1. Field of the Invention
This invention relates generally to the field of transfer chambers for passing objects between two differentially-pressurized environments, and, more particularly, to an improved transfer chamber for use in an orbiting space station.
2. Description of the Prior Art
It is sometimes desired to transfer an object from one environment to another environment, which is pressurized differently from the first. The first environment may, for example, be the cabin of a submerged object, and the other environment may be the surrounding liquid. Alternatively, the first environment may be a pressurized cabin of a spacecraft, and the other environment may be space. Technological developments in recent years have afforded the capability of extra-vehicular activity (EVA) from spacecraft. In this latter application, it has been deemed practical heretofore to simply provide an airlock chamber with inner and outer access doors. Since the number of egresses and ingresses through such an airlock has been somewhat limited, it has been deemed practical to simply provide the spacecraft with additional compressed air, to accommodate that which is lost when the outer door is opened to space.
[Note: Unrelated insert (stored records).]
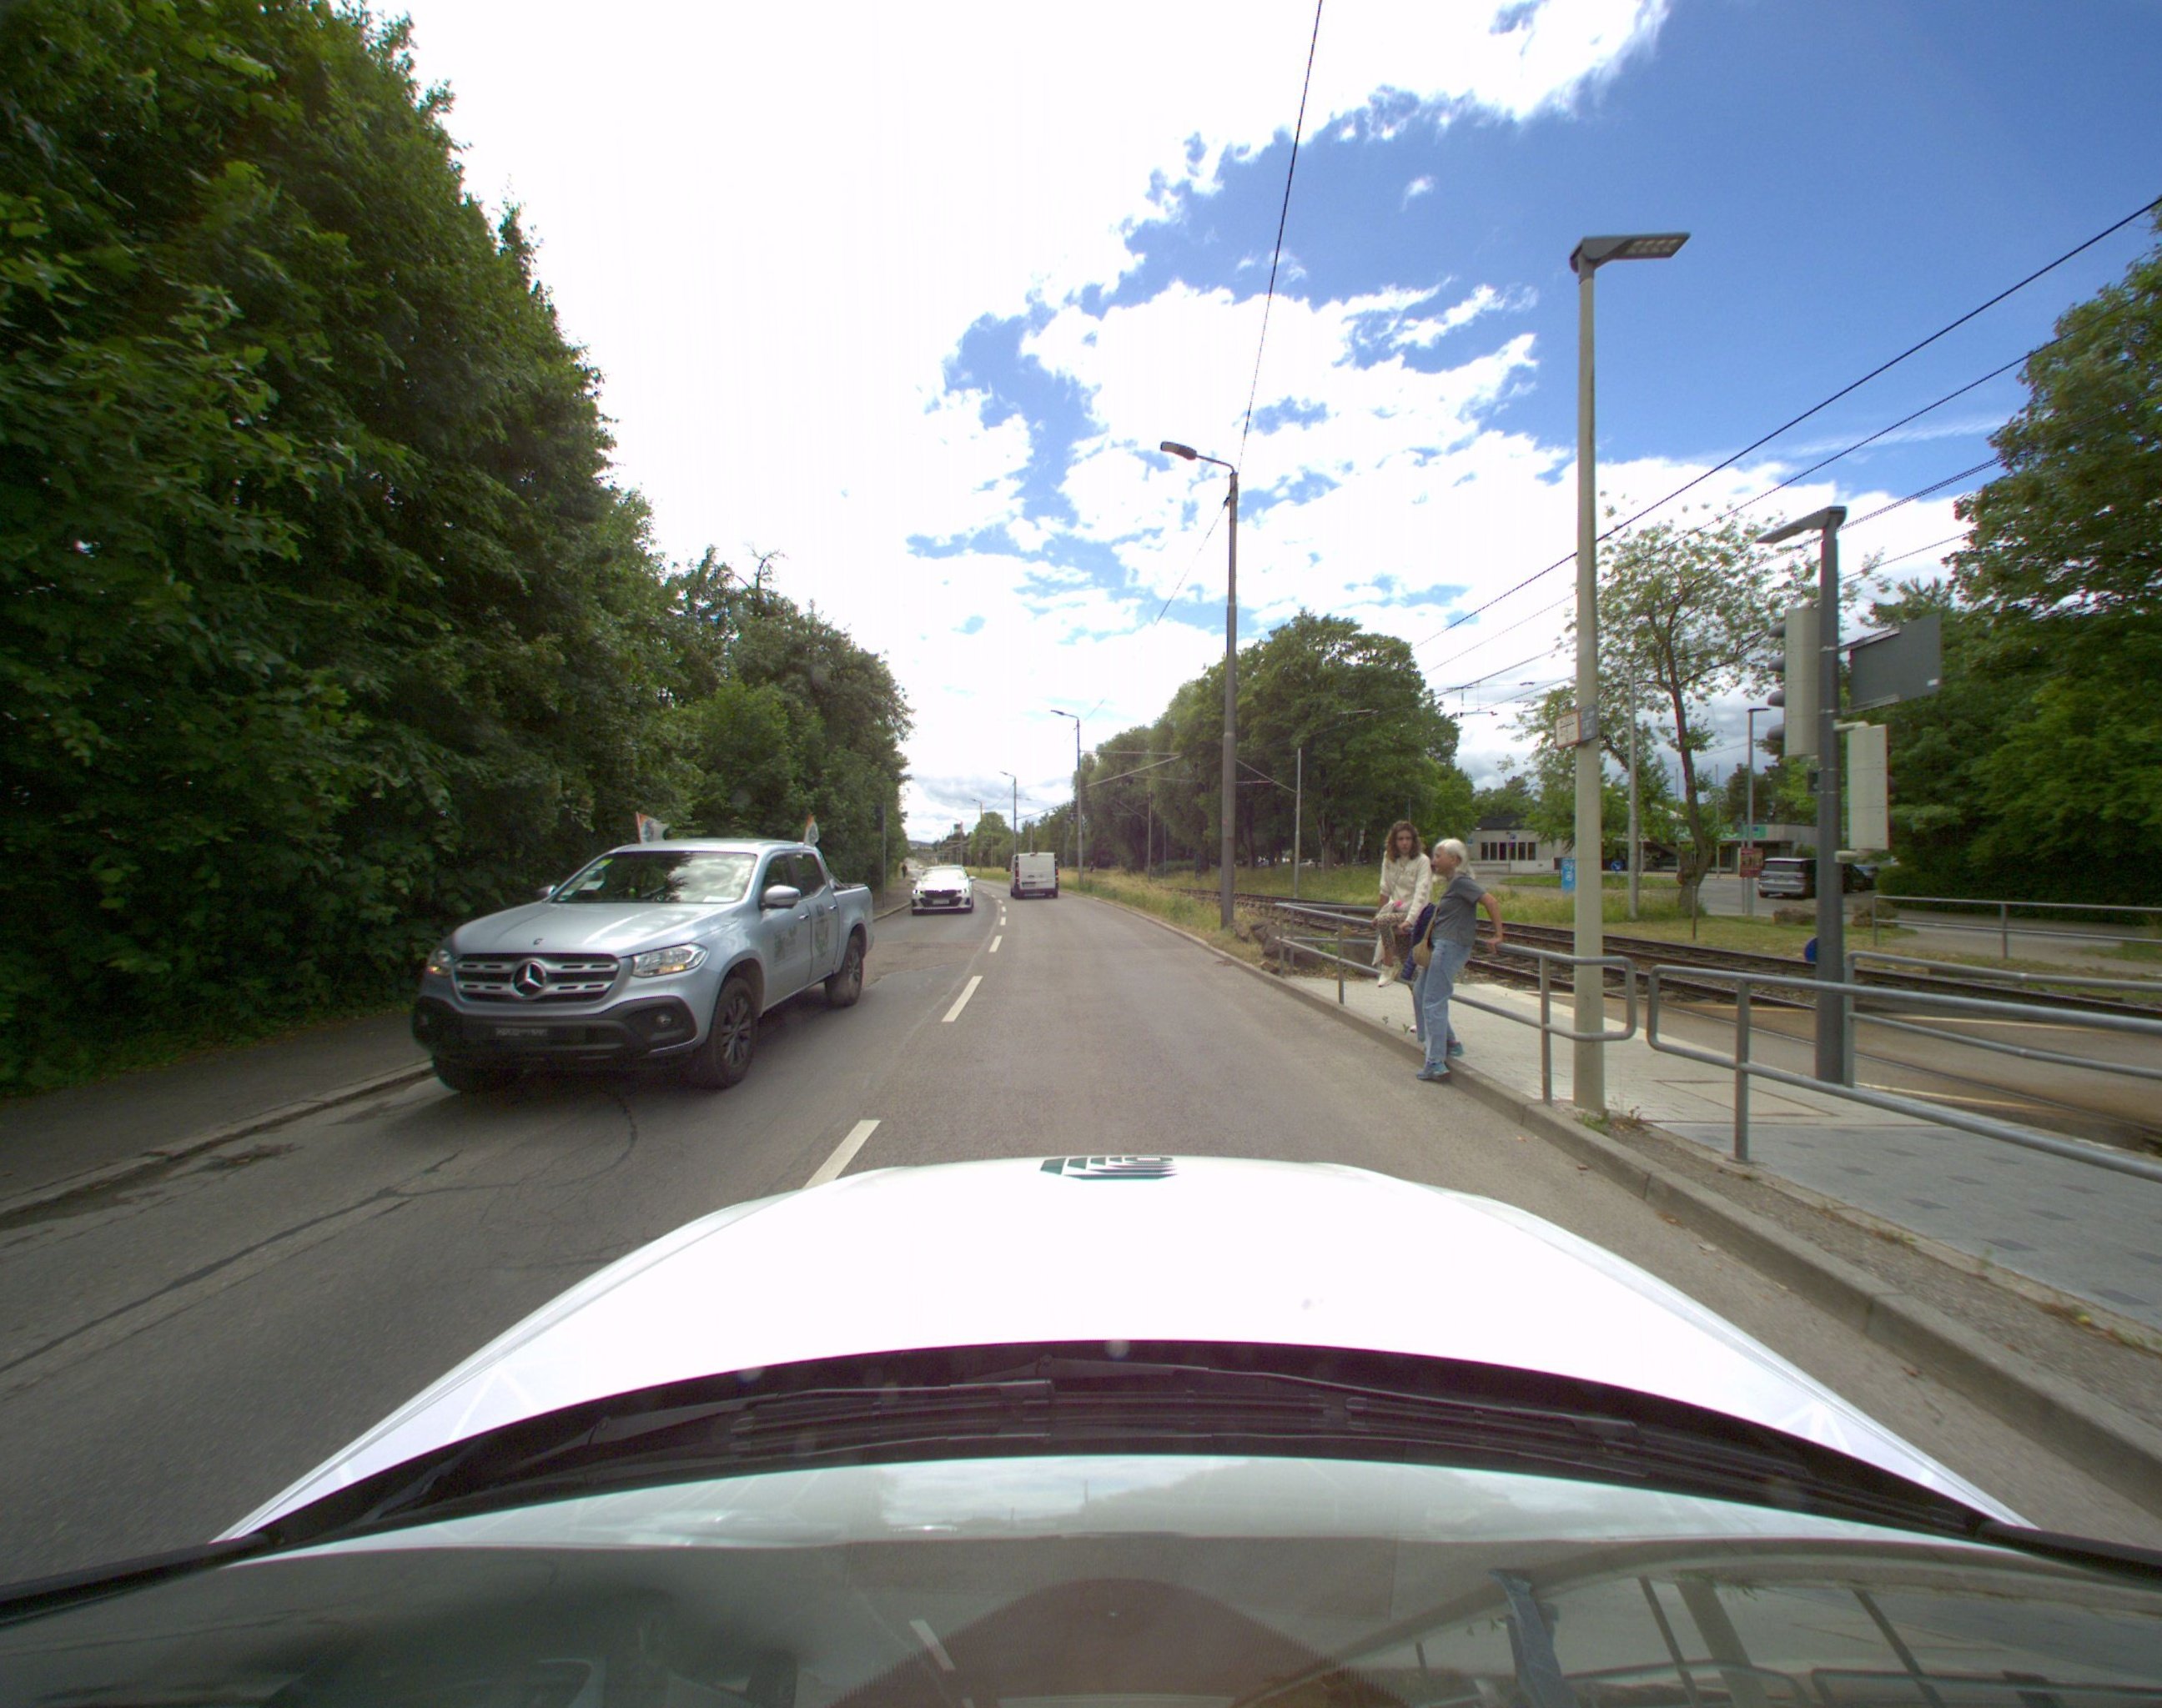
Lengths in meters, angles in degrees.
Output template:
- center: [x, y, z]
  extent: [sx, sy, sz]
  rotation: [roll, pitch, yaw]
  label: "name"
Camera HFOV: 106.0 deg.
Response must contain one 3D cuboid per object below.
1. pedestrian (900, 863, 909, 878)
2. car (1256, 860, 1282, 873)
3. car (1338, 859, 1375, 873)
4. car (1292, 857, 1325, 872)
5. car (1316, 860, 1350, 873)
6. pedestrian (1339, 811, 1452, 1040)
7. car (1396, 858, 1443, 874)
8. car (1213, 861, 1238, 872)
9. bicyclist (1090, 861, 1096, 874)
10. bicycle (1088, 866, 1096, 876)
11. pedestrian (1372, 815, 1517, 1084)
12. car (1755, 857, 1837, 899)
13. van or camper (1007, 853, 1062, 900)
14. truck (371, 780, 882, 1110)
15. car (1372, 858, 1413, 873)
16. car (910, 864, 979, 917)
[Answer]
- center: [-20.831, 1.941, 96.083]
  extent: [0.870, 1.769, 0.785]
  rotation: [-3, 0, -16]
  label: "pedestrian"
- center: [24.864, 1.645, 107.855]
  extent: [1.994, 1.700, 3.986]
  rotation: [1, -1, -10]
  label: "car"
- center: [29.261, 1.314, 86.674]
  extent: [1.995, 1.443, 3.983]
  rotation: [0, -1, -12]
  label: "car"
- center: [27.129, 1.251, 97.244]
  extent: [1.995, 1.700, 4.211]
  rotation: [1, -1, -12]
  label: "car"
- center: [28.281, 1.371, 91.593]
  extent: [1.995, 1.443, 3.983]
  rotation: [0, -1, -12]
  label: "car"
- center: [2.682, 0.592, 6.985]
  extent: [0.661, 1.840, 0.592]
  rotation: [2, -3, -23]
  label: "pedestrian"
- center: [31.642, 1.160, 76.179]
  extent: [1.995, 1.443, 4.328]
  rotation: [0, -1, -12]
  label: "car"
- center: [24.424, 2.151, 137.644]
  extent: [2.009, 1.812, 3.955]
  rotation: [1, -1, -38]
  label: "car"
- center: [1.533, 1.727, 107.116]
  extent: [0.582, 1.696, 0.930]
  rotation: [0, -1, -16]
  label: "bicyclist"
- center: [1.471, 2.257, 107.237]
  extent: [0.582, 1.246, 1.919]
  rotation: [0, 0, -16]
  label: "bicycle"
- center: [2.533, 0.633, 5.732]
  extent: [0.476, 1.729, 0.794]
  rotation: [2, -3, -24]
  label: "pedestrian"
- center: [33.879, 1.083, 38.543]
  extent: [4.734, 1.861, 1.896]
  rotation: [0, -1, -36]
  label: "car"
- center: [-2.137, 0.963, 36.065]
  extent: [1.942, 1.897, 4.270]
  rotation: [-2, -1, -10]
  label: "van or camper"
- center: [-3.328, 0.562, 7.371]
  extent: [1.842, 1.966, 4.957]
  rotation: [0, -1, 0]
  label: "truck"
- center: [30.697, 1.185, 80.362]
  extent: [1.995, 1.443, 3.983]
  rotation: [0, -1, -12]
  label: "car"
- center: [-4.447, 1.138, 27.127]
  extent: [1.927, 1.522, 4.649]
  rotation: [-2, -1, -6]
  label: "car"

However, present plans call for a permanently-orbiting space station in which the frequency of operation of such an airlock will likely be dramatically increased, and over a much greater length of time. For example, men, tools, and equipment may have to frequently passed through such airlock during the initial construction of the space station, and during its subsequent operation and repair. In such extended usage and operation, the cumulative effect of cabin air lost or vented to space when the outer door is opened, and/or the amount of energy conserved in evacuating the airlock prior to opening the outer door, may well become significant.
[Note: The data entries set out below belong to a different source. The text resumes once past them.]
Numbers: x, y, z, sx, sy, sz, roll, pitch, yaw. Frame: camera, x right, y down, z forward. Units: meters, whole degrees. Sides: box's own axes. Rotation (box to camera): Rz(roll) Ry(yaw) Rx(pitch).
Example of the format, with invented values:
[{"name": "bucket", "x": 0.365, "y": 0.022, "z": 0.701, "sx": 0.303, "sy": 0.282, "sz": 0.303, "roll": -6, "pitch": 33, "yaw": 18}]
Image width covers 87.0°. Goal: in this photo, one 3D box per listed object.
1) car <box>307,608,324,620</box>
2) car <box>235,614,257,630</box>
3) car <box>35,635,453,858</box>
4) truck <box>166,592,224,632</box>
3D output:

Upon information and belief, present plans for the space station call for the use of multi-stage pumps to partially evacuate the airlock, prior to opening to the outer door vent. However, it is not deemed practical to remove more than about 90% of the air in the airlock. Even so, due to the compressibility of air, the pump would have to be operated so as to pass a volume many times greater than the volume of the airlock. This greatly increases the size, complexity and energy requirements of the pump. Moreover, the pumping time needed to exhaust the chamber would be greatly extended, at the expense of limiting the frequency of operation and the stand-by capability of handling emergency transfers. Furthermore, while mechanical pumps must be lubricated, no liquid or vapor-producing lubricants can be used for fear of contaminating the purity of the cabin air.